The Behavioral Analysis of Predictive Modeling on a Bank Marketing Dataset.¶

Author: Jamell Dacon¶

Abstract¶

    I propose a data mining supervised learning approach to predict the accuracy of several models of the client subscription of a term deposit to a bank via information collected via a telephone call; without pruning the data collected from UCI Machine Learning Repository. The largest dataframe was analyzed with 20 predictor variables and a target variable comprising of 41188 examples. The individual comparison of 4 models i.e. Gradient Boosting (GB), Random Forest (RF), Multi-Layer Perceptron (MLP) and Logistic Regression (LGR) models were made along with an 8 model cross-validation comparison comprising of Linear Discriminant Analysis (LDA), K-Nearest Neighbors (KNN), Decision Trees (DT), Support Vector Machine (SVM), Naive Bayes (NB) including the individual model comparison models. Using three metrics such as classification report, accuracy score and a confusion matrix. Both the GB and MLP classifer models produced the best results with an accuracy score of 91.90% and 90.97% respectively, tested on 40% of the data. In the 8 model comparison 10-fold cross validation was implemented were only two models, namely the Gradient Boosting (GB) and Linear Discriminant Analysis (LDA) models produced the best mean accuracy results accomplishing over 90%, whereas the mean of the RF model's accuracy decreased by 1.43%.

Key words: Supervised, Accuracy score, Cross-validation

1. Introduction¶

      Banks are a cruicial part of our economy and may be considered the safest way of saving money over a long-period of time. The commercializing of banks is ubiquitious, meaning it can be found everywhere. One of the many ways to attract customers is by initializing a relationship with a customer with the goal of that customer becoming a client of the bank. This relationship is created by a 1-1 telephone call between the telemarketer and the potential client. With the information received from each potential customer, a data mining approach will be undertaken to gain insight from the information retrieved i.e the available examples to have knowledge of the prediction of a subscription of a client to the bank using classification and regression models. There are several supervised models used such as Gradient Boosting (GB), Random Forest (RF), Multi-Layer Perceptron (MLP), Logistic Regression (LGR) Linear Discriminant Analysis (LDA), K-Nearest Neighbors (KNN), Decision Trees (DT), Support Vector Machine (SVM) and Naive Bayes (NB).

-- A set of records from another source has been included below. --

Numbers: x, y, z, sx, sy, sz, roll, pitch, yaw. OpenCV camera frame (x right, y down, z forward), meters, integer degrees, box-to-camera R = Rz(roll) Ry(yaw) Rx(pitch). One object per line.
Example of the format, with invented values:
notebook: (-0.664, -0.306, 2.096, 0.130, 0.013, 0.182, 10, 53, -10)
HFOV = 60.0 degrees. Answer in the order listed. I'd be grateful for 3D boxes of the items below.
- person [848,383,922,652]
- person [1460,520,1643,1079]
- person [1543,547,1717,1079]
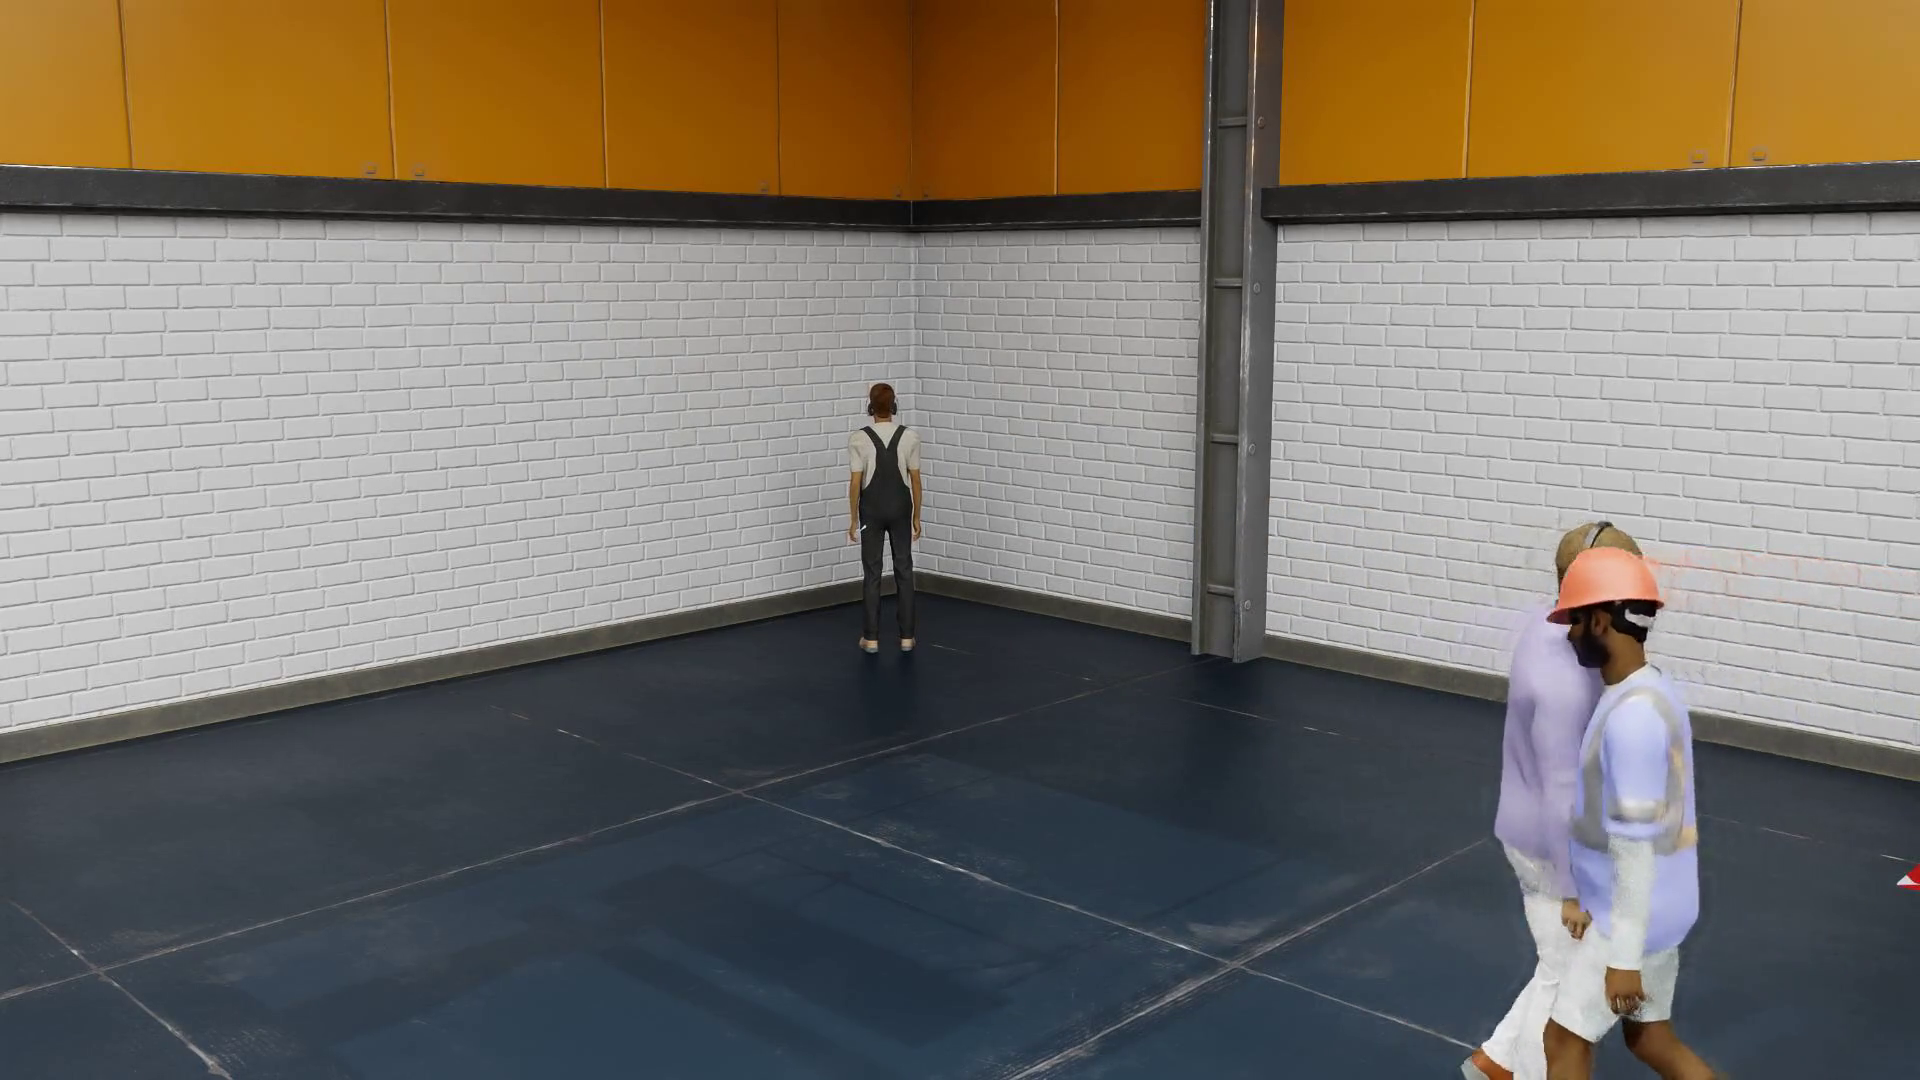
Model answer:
person: (-0.511, -0.147, 11.331, 0.506, 1.841, 0.346, -2, 9, -10)
person: (1.765, 0.881, 4.799, 0.432, 1.909, 0.672, 3, 10, 19)
person: (1.822, 0.969, 4.376, 0.868, 1.884, 0.611, 4, 10, 23)

      In this paper, I propose analytical predictive modeling insight of the behavior of several algorithm on predicting the accuracy result of a phone call to a client from a bank telemarketer attemptiong to sell long term deposits by using supervised learning. The main contributions of this work are:
    • A focus on Data Exploration i.e Univariate Analysis was conducted on the largest dataset consisting of 41188 examples with 20 attributes. In the modeling phase, the feature distribution was plotted to gain insight of the visualization of each feature. Futhermore, as over 50% of the data was categorical, encoding allowed the data to be fully numerical which was then passed into models.
    • Several individual model comparisons on a 60/40 split. 
    • A comparison of eight supervised models (GB, RF, LDA, KNN, LGR, SVM, DT and NB). 

2. Methods and Materials¶

2.1. Bank telemarketing dataset information¶

There are four datasets: http://archive.ics.uci.edu/ml/datasets/Bank+Marketing

• bank-additional-full.csv with all examples (41188) and 20 inputs, ordered by date (from May 2008 to November 2010)

• bank-additional.csv with 10% of the examples (4119), randomly selected from bank-additional-full.csv, and 20 inputs.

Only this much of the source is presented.